[Source records]
####################

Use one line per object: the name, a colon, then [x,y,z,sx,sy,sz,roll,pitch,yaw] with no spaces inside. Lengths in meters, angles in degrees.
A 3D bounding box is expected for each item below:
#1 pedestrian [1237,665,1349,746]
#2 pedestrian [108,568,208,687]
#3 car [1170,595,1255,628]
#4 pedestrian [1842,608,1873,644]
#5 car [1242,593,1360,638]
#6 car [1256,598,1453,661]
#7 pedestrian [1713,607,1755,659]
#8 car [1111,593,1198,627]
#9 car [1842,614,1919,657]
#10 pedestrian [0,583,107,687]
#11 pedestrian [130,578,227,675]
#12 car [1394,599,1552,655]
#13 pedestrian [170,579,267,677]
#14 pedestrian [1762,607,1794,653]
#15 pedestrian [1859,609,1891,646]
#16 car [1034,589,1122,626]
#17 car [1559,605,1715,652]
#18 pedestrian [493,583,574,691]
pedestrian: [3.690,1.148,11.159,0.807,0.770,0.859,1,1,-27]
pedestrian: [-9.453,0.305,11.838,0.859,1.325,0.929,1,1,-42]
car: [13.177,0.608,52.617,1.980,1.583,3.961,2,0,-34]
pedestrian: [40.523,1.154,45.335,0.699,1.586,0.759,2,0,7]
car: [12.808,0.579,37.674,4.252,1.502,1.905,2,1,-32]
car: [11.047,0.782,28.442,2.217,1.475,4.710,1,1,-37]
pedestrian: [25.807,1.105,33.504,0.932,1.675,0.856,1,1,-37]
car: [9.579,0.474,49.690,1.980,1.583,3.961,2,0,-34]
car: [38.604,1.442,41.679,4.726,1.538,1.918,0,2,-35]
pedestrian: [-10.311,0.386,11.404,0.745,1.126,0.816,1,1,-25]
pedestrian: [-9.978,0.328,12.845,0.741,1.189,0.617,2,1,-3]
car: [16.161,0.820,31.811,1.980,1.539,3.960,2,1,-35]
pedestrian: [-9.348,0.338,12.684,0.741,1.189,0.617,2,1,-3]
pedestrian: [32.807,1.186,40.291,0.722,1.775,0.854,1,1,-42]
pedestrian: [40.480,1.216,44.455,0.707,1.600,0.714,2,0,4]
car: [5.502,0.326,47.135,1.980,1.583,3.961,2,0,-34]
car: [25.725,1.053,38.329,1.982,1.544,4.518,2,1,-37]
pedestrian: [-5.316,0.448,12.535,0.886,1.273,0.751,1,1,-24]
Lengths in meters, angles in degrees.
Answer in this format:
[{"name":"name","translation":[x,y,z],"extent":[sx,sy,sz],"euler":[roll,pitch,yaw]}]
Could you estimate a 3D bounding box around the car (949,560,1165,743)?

####################

**Assignment**
Wherever a line above contains "angles", copy that line.

**Result of the task**
Use one line per object: the name, a colon, then [x,y,z,sx,sy,sz,roll,pitch,yaw] with no spaces inside. Lengths in meters, angles in degrees.
Lengths in meters, angles in degrees.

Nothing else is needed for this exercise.